▶ _Extracted information_:
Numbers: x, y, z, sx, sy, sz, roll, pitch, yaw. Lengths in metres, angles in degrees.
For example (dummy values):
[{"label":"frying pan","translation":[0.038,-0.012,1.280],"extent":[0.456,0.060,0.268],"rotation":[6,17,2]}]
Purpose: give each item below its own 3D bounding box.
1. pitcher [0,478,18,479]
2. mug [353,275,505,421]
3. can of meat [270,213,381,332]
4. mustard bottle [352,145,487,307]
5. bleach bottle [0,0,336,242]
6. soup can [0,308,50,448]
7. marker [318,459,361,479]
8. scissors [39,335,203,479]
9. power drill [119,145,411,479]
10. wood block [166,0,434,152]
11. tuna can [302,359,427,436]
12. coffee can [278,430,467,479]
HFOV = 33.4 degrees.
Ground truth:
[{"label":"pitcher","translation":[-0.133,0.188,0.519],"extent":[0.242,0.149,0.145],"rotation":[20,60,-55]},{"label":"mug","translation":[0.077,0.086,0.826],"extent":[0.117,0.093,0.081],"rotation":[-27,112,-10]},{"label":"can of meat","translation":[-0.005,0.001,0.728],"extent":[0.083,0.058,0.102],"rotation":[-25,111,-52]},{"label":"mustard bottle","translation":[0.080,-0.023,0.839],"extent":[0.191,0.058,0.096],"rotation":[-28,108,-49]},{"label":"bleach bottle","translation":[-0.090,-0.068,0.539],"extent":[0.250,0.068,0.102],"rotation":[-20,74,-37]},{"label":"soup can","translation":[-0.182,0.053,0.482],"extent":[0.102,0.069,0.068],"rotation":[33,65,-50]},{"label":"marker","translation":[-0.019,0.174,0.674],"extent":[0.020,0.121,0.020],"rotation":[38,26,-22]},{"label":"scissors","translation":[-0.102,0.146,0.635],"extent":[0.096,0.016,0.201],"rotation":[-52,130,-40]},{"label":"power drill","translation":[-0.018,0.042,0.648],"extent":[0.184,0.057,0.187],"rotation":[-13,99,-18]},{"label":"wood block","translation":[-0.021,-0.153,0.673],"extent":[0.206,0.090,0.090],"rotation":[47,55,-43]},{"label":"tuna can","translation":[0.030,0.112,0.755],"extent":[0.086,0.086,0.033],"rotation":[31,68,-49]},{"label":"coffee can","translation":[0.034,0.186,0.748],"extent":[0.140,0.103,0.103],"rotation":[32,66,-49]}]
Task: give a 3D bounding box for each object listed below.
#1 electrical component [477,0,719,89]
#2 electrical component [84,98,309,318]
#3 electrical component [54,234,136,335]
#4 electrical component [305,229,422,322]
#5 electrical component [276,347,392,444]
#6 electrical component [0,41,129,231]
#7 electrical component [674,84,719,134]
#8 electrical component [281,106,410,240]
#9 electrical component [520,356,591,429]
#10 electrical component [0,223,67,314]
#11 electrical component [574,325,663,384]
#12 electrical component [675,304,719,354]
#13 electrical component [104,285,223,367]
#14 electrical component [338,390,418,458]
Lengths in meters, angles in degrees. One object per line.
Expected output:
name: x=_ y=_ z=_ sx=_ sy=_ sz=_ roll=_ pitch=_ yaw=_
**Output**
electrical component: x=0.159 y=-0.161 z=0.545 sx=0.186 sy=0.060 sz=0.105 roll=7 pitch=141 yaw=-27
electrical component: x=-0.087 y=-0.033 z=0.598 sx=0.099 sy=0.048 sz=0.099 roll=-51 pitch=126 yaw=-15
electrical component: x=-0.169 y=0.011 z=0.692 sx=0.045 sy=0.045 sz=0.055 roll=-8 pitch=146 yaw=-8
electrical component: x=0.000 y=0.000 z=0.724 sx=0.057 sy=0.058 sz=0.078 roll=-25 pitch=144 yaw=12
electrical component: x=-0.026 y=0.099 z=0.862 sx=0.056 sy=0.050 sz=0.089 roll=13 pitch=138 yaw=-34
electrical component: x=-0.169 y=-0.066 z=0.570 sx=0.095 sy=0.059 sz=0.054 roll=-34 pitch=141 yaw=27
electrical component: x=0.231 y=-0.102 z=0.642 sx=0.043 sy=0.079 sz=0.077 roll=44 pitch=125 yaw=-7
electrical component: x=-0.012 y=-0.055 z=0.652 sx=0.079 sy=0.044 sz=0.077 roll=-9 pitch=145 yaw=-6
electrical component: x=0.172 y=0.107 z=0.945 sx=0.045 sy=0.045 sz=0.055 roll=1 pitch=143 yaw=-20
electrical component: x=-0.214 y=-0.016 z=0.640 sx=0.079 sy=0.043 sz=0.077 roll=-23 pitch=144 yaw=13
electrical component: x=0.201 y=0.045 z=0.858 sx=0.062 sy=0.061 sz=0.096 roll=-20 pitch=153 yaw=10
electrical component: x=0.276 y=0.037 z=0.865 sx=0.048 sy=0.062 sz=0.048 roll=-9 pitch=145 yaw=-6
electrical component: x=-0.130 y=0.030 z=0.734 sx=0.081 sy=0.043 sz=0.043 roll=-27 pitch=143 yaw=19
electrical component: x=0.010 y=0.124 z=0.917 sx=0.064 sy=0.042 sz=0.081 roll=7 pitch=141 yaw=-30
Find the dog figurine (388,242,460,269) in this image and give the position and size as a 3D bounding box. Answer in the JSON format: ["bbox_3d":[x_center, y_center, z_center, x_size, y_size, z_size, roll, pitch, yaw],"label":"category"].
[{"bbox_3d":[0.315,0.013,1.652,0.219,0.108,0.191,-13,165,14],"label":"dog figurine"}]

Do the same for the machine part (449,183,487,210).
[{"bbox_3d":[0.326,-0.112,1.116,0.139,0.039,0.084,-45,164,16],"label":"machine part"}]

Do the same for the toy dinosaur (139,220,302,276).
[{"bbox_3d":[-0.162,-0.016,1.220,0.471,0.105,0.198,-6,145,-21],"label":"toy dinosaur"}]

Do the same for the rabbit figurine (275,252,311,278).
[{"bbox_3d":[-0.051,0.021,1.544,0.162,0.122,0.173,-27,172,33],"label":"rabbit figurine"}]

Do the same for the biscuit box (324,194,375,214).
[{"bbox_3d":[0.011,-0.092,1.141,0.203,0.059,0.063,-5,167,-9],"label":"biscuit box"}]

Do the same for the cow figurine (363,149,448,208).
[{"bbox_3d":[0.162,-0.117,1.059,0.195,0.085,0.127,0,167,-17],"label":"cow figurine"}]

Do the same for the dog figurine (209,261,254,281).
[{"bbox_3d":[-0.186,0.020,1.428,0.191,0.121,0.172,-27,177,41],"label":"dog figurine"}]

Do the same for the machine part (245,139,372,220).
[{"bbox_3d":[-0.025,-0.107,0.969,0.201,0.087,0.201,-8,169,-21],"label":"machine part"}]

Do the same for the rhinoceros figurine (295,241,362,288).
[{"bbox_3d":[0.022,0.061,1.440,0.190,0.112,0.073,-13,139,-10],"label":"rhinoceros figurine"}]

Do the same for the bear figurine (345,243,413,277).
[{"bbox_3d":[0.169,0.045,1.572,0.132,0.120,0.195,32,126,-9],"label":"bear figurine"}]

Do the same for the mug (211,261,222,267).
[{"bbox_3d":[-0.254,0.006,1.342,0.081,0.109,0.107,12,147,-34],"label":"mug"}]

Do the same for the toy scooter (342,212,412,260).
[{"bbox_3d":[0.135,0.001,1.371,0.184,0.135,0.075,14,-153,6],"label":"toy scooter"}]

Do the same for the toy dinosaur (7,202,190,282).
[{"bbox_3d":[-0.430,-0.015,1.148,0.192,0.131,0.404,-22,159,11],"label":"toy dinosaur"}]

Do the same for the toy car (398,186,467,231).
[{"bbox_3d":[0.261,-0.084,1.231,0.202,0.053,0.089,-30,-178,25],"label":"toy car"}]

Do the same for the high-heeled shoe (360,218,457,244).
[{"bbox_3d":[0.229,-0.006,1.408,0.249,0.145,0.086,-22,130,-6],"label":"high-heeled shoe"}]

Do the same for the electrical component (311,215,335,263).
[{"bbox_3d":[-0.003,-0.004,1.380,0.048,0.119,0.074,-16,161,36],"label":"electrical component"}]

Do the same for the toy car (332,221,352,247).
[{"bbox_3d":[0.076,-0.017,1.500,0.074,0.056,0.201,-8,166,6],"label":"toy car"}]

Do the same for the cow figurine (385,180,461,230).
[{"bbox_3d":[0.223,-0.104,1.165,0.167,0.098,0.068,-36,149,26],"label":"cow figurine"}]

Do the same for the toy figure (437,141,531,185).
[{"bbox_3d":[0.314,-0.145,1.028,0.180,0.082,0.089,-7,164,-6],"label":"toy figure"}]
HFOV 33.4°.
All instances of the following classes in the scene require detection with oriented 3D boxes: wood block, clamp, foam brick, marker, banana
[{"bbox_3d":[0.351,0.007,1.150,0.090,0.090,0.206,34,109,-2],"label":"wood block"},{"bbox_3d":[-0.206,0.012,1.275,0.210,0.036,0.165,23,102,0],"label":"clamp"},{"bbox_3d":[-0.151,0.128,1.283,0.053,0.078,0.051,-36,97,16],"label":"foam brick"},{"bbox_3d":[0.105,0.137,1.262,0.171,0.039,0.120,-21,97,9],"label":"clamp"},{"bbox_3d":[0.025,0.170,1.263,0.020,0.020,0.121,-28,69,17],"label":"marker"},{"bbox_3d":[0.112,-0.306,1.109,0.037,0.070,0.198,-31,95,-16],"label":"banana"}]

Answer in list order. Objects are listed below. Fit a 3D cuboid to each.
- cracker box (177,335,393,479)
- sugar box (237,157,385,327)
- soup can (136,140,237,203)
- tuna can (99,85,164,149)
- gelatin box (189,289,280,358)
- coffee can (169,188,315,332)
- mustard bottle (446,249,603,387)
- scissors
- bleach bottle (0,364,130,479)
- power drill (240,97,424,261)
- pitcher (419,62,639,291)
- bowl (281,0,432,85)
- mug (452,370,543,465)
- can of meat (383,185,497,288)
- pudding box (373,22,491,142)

▶ _Work task_: If a line falls between the first line of the entries and the line containing "HFOV = 33.4 degrees.", or is one of those two, restate it word for word; leave all other lines out.

▶ _Answer section_:
Numbers: x, y, z, sx, sy, sz, roll, pitch, yaw. Lengths in metres, angles in degrees.
For example (dummy values):
[{"label":"frying pan","translation":[0.038,-0.012,1.280],"extent":[0.456,0.060,0.268],"rotation":[6,17,2]}]
Purpose: give each item below its own 3D bounding box.
1. pitcher [0,478,18,479]
2. mug [353,275,505,421]
3. can of meat [270,213,381,332]
4. mustard bottle [352,145,487,307]
5. bleach bottle [0,0,336,242]
6. soup can [0,308,50,448]
7. marker [318,459,361,479]
8. scissors [39,335,203,479]
9. power drill [119,145,411,479]
10. wood block [166,0,434,152]
11. tuna can [302,359,427,436]
12. coffee can [278,430,467,479]
HFOV = 33.4 degrees.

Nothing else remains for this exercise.